Two years before the next statewide election, and weeks before the start of the 2021 legislative session, it’s a bit early to predict just how any prospective measure would play out if adopted. But Cross suggested that Republicans should consider their dwindling margins of victory in the last two presidential elections, and the changing attitudes of an electorate that’s growing younger and more diverse, before they become too aggressive with restrictions. “We know that Republicans have the majority, but I would certainly say they need to tread lightly there, because more and more people seemingly are open to some of these voting reforms, Republicans included,” Cross said. She noted that about two thirds of likely voters who responded to a recent Hobby School survey expressed strong support for online voter registration in Texas, which is currently prohibited. “If they come down too hard, trying to be more restrictive, I think that will eventually backfire.” Indeed, some Democratic voters say they were driven to the polls this year by their anger over restrictions.

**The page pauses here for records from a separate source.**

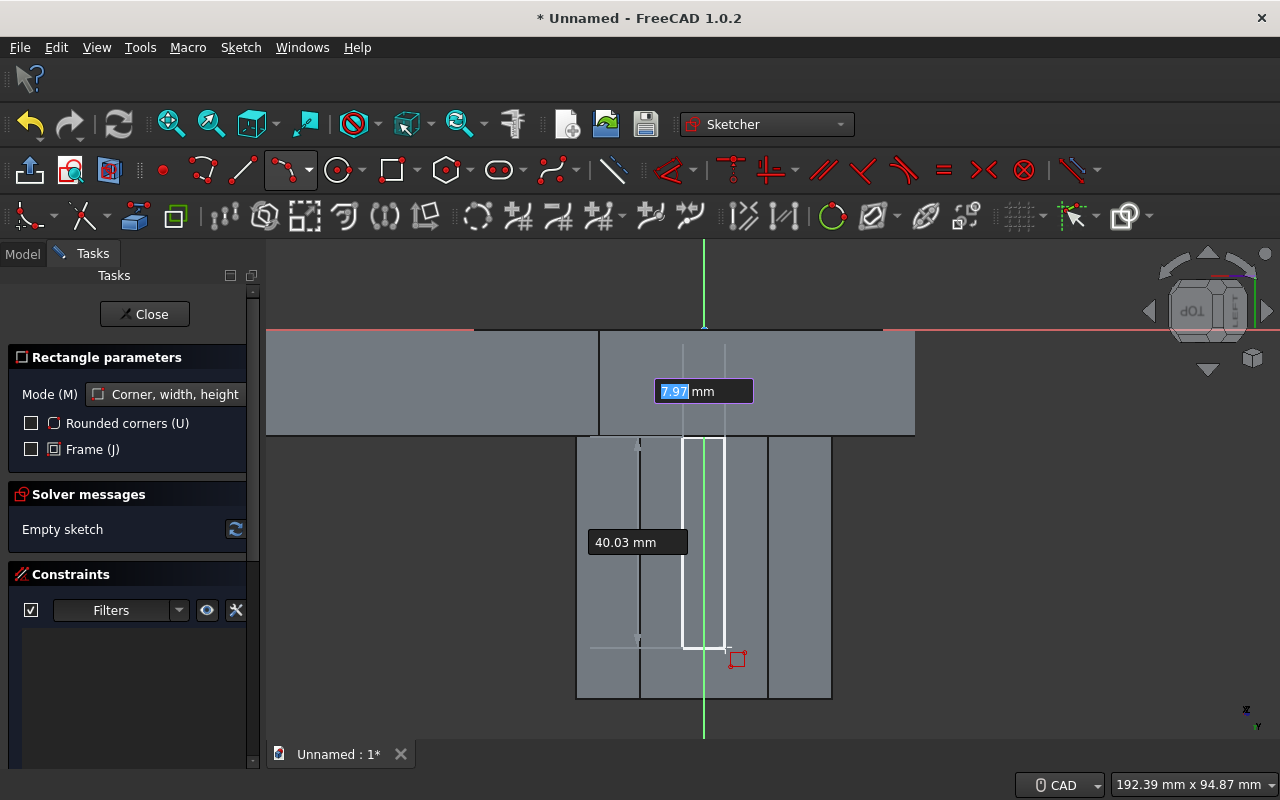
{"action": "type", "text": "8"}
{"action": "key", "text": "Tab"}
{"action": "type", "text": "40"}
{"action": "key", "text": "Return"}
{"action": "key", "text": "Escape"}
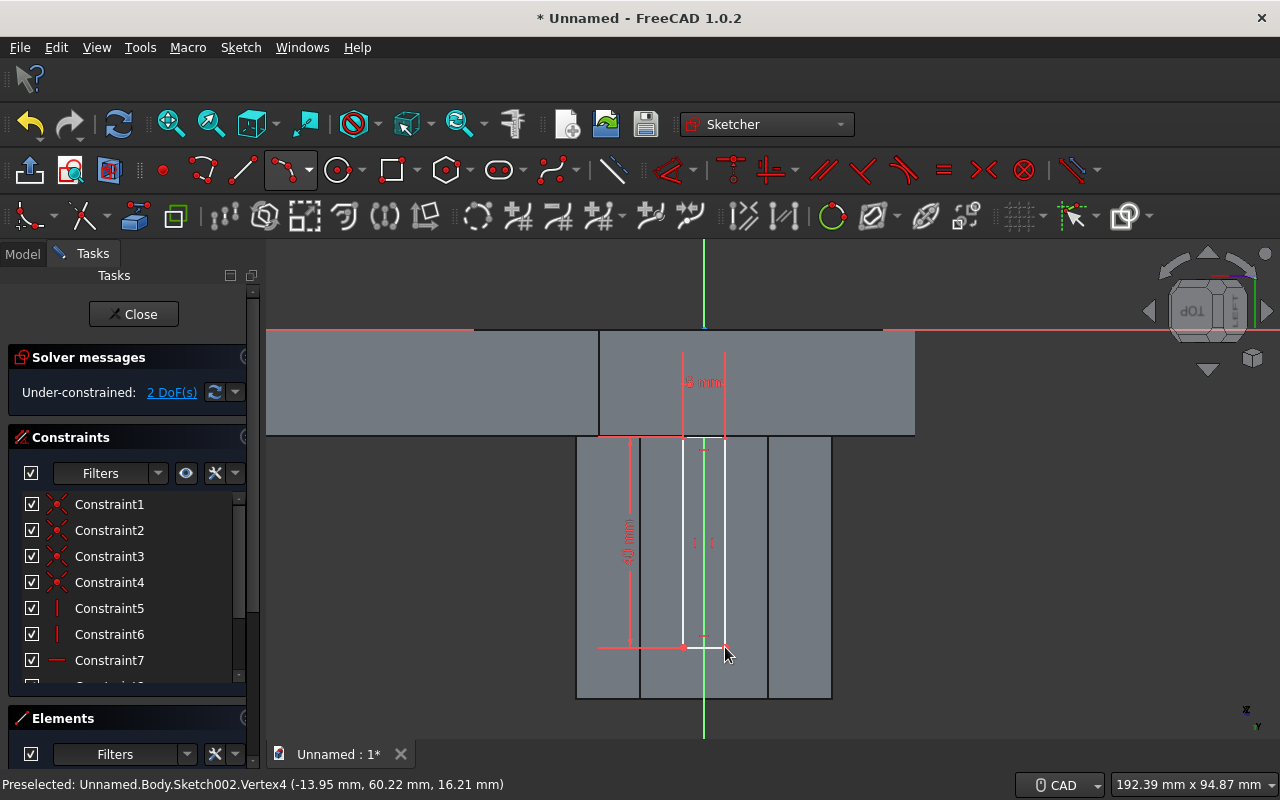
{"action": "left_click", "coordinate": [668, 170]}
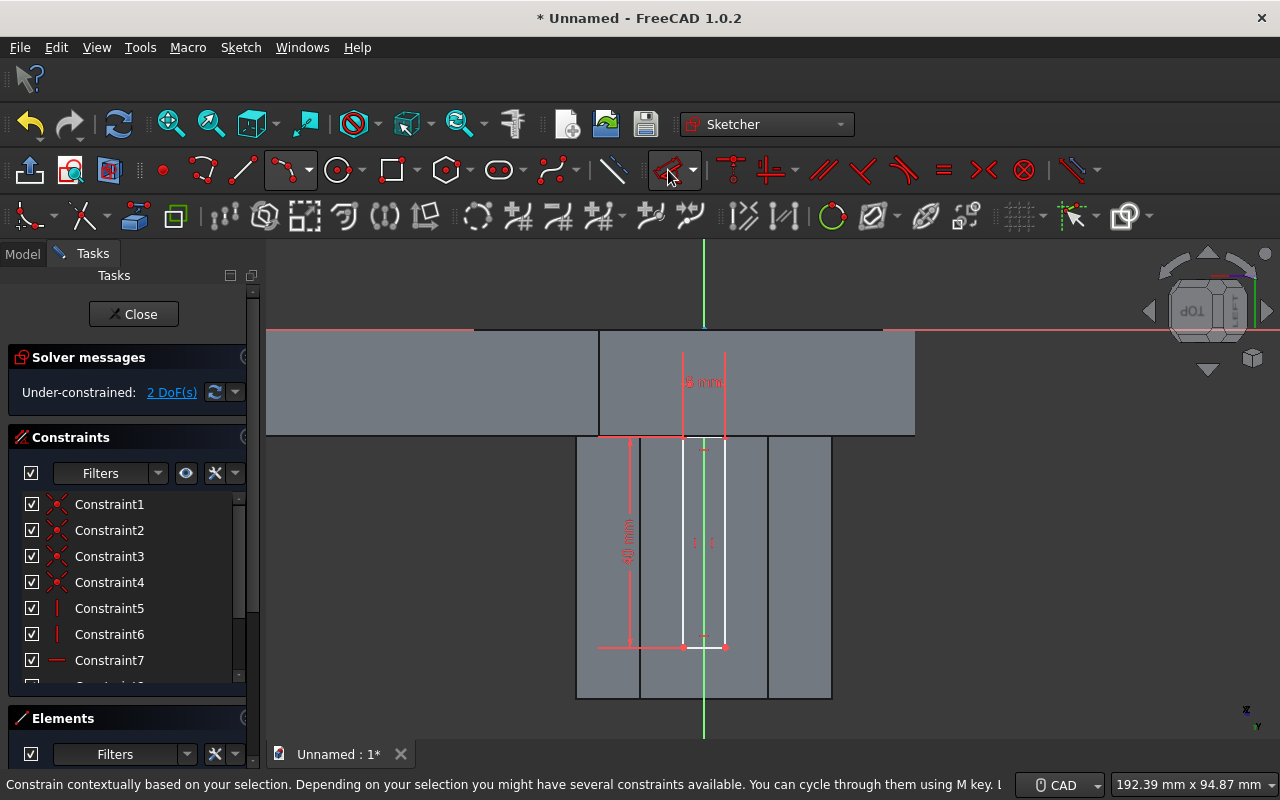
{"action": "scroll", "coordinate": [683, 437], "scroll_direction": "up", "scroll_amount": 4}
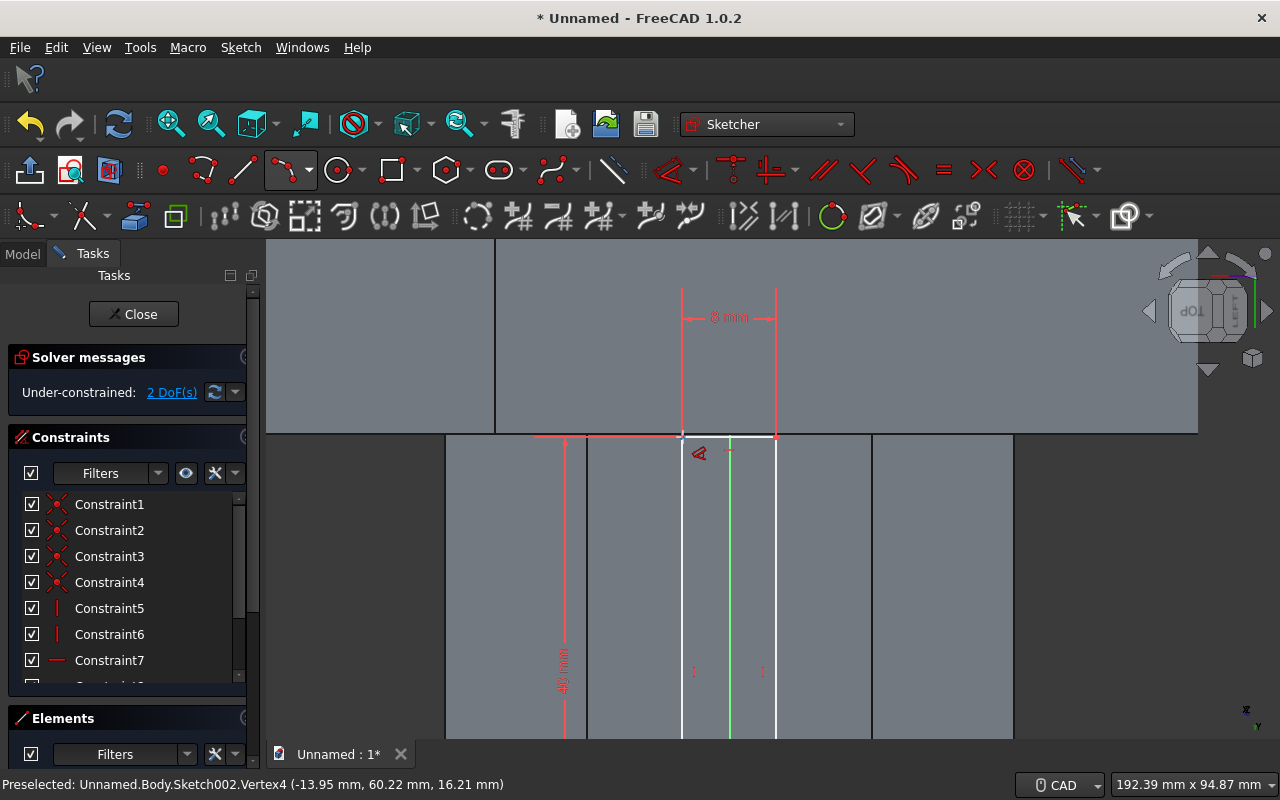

Already, state Democrats are preparing a response. Democrats in the Lege have prefiled measures that would make registration automatic with any driver’s license change, authorize universal mail-in early voting, ease voter identification requirements, and reinstitute straight-ticket voting, which was eliminated in the last session and has been cited, in part, as a driver of split ticket votes for Biden and Republicans down ballot. And efforts to make voting easier in Harris County continue. Isabel Longoria, who was sworn in November 18 as the county’s new elections administrator, told me she wants to continue many of the steps developed this year in response to the pandemic—including drive-through voting. “COVID allowed us to really explore some innovations, and these are things that people want to continue in the future,” Longoria said, noting that she and her colleagues will be “keeping an eye on what the Legislature says.”